Linear Probe Map (Open Addressing Scheme)
Open Addressing is another method to handle collisions. One disadvantage of using separate chaining is that it requires the use of an auxiliary data structure, which costs more space. Using open addressing, we store entries directly into a slot. This requires the load factor is always 1 or less, as we can’t store more entries than the number of slots that exist in the internal array.
The open addressing scheme is a general term that describes a collision handling approach that stores entries directly into the internal array. The simplest method is linear probing, which works as follows:
Setting an entry
- a hash code is obtained, then compressed as usual
- the entry is attempted to be stored at the compressed index
- if the slot is available (null), store it there
- if it’s taken, we look at the next slot. If available, store it. If not, go to the next. Rinse and repeat.
Getting an entry
- get the compressed index of the key
- walk through the internal array starting at the compressed index. If you find an entry with the key, it exists so return it. If you run into an empty slot first, it doesn’t exist.
Removing an entry This is pretty similar to getting an entry but there’s a gotcha that we have to keep in mind.
- get the compressed index of the key
- walk through the internal array starting at the compressed index. If you find an entry with the key, we cannot simply remove it and set it to null. That would break the other operations that need to walkthrough the internal array, causing it to hit a null slot before reaching the entry it needs to.
- for this, we insert a sentinel entry that marks it as defunct. A defunct entry marks the slot so we know to continue walking through if we stumble upon one while searching for an entry.

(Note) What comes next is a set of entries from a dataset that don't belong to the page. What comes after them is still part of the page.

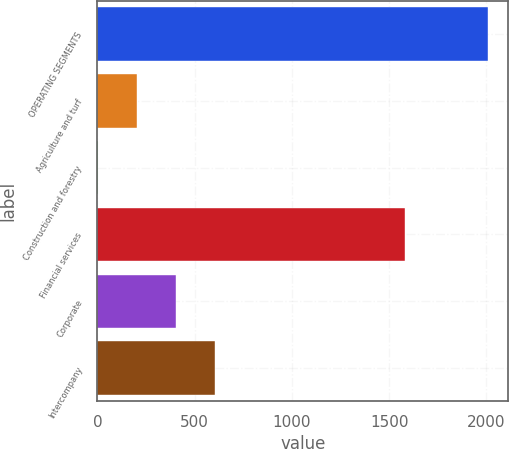Convert chart. <chart><loc_0><loc_0><loc_500><loc_500><bar_chart><fcel>OPERATING SEGMENTS<fcel>Agriculture and turf<fcel>Construction and forestry<fcel>Financial services<fcel>Corporate<fcel>Intercompany<nl><fcel>2011<fcel>203.8<fcel>3<fcel>1581<fcel>404.6<fcel>605.4<nl></chart> 
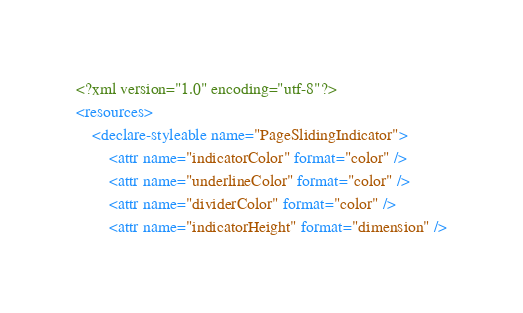Convert code to text. <code><loc_0><loc_0><loc_500><loc_500><_XML_><?xml version="1.0" encoding="utf-8"?>
<resources>
    <declare-styleable name="PageSlidingIndicator">
        <attr name="indicatorColor" format="color" />
        <attr name="underlineColor" format="color" />
        <attr name="dividerColor" format="color" />
        <attr name="indicatorHeight" format="dimension" /></code> 
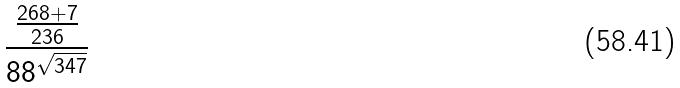Convert formula to latex. <formula><loc_0><loc_0><loc_500><loc_500>\frac { \frac { 2 6 8 + 7 } { 2 3 6 } } { 8 8 ^ { \sqrt { 3 4 7 } } }</formula> 
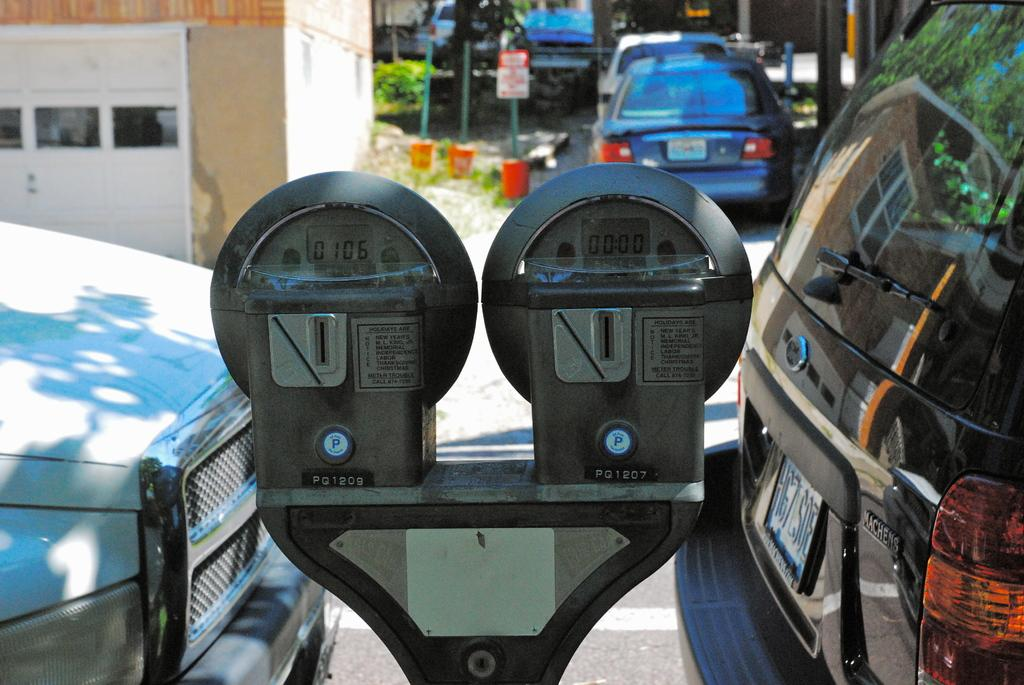<image>
Give a short and clear explanation of the subsequent image. Parking meter number PQ1209 shows 0106 on its screen. 
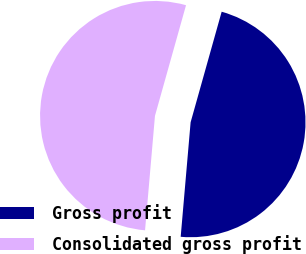Convert chart to OTSL. <chart><loc_0><loc_0><loc_500><loc_500><pie_chart><fcel>Gross profit<fcel>Consolidated gross profit<nl><fcel>47.02%<fcel>52.98%<nl></chart>

The use of a defunct entry also affects how we set a new entry. While walking through the internal array, we need to note the index of the first defunct entry found. After we’re done walking through, if an entry with the key does not exist and there’s no empty slot to place it into, we can place the new entry into the index of the first defunct entry.
Load Factor
While the recommended load factor for separate chaining schemes was 0.9 or less, for open addressing schemes it sits at around 0.5! Studies have shown that as the load factor increases beyond 0.5 and reaches closer to 1, the chances of clusters appearing greatly increase (a cluster being entries placed in consecutive slots). Clusters cause similar issues to a separately chained bucket containing more than one entry. It requires walking through something in order to find an entry, which slows the run times of those operations.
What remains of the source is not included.